▶ [Aim of the task]
Once the line containing "OPEN CASCADE SAS" is found in the entries below, restate it and each following line word for word, stopping after the line containing "in the file".

▶ [Record extracts]
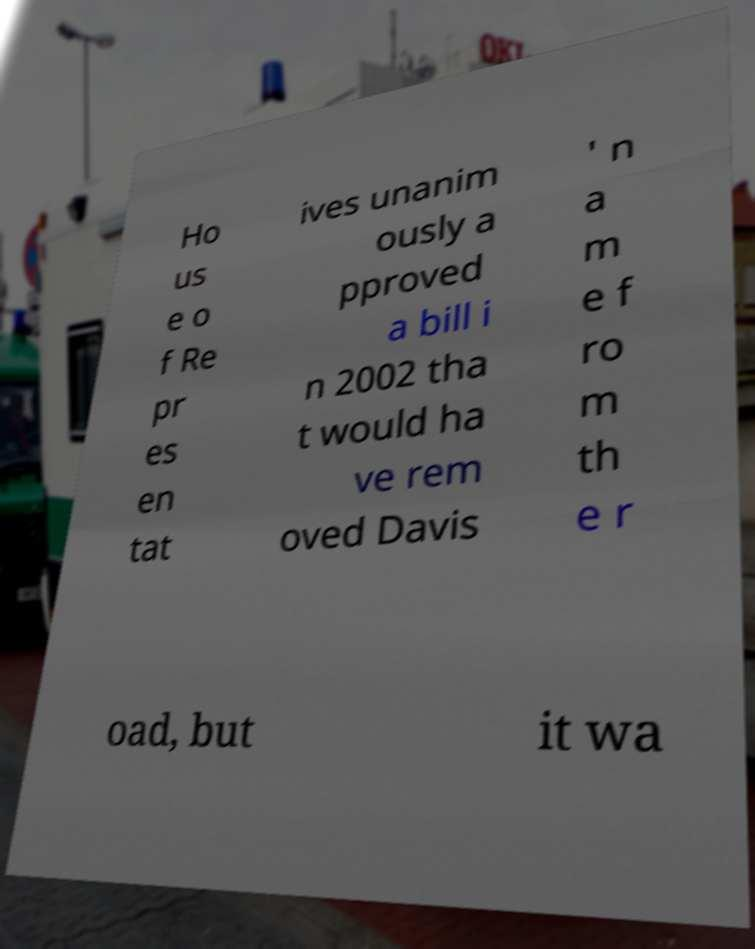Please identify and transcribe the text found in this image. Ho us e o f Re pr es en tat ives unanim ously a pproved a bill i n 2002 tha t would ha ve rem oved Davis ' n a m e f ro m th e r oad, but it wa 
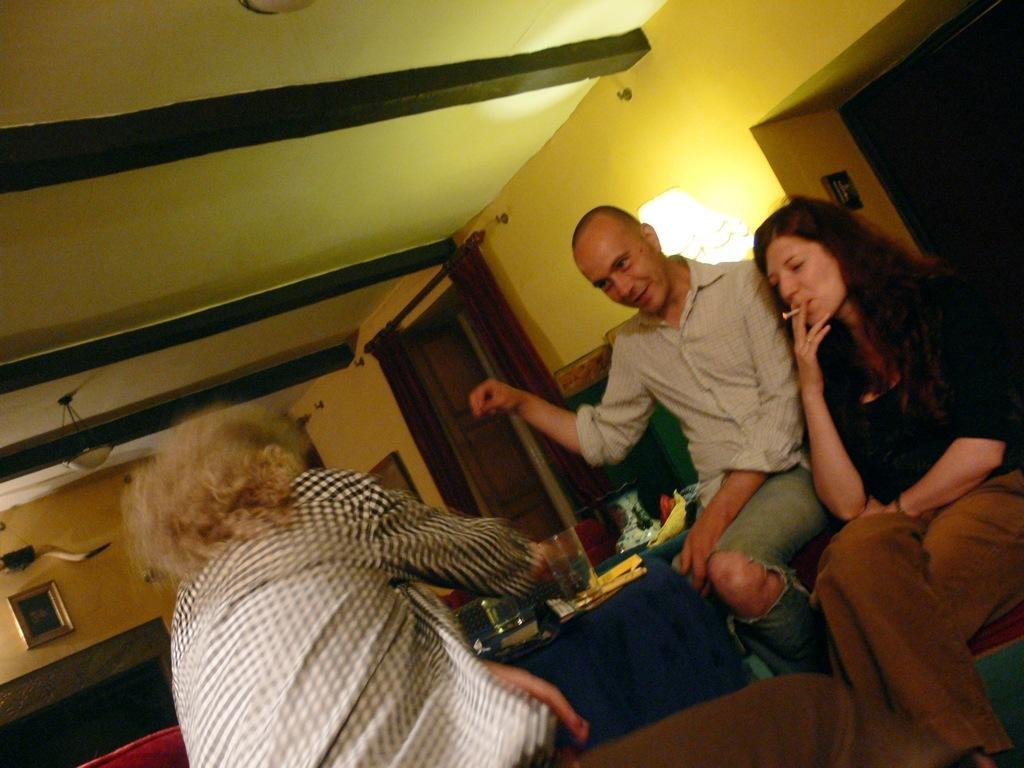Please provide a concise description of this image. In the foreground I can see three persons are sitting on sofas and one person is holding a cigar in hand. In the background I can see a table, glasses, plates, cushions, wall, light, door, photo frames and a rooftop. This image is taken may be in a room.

--

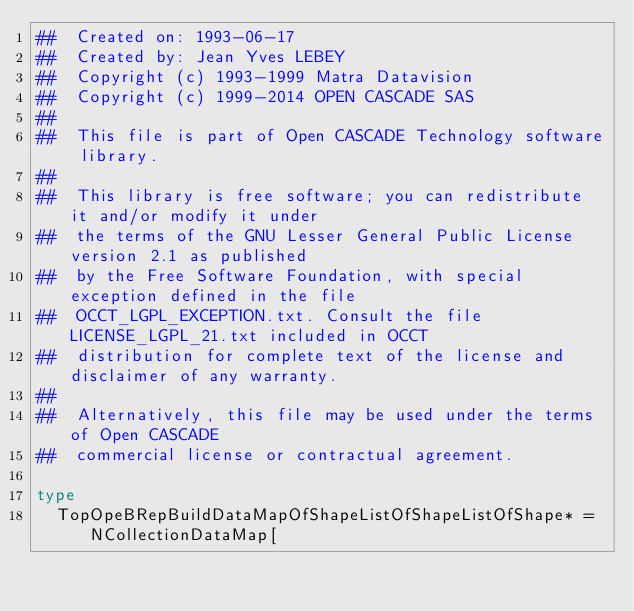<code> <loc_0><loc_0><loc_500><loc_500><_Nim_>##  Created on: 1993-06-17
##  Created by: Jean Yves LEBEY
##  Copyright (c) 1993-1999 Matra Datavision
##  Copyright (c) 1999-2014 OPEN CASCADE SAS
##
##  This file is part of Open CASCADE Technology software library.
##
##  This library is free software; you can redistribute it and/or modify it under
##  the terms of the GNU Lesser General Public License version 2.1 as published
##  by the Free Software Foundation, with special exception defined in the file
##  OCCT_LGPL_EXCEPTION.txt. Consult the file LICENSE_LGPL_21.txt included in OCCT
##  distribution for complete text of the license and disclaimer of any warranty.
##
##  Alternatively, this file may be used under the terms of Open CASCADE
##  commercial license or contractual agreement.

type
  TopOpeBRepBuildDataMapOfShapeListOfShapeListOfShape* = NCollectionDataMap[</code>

▶ [Solution]
##  Copyright (c) 1999-2014 OPEN CASCADE SAS
##
##  This file is part of Open CASCADE Technology software library.
##
##  This library is free software; you can redistribute it and/or modify it under
##  the terms of the GNU Lesser General Public License version 2.1 as published
##  by the Free Software Foundation, with special exception defined in the file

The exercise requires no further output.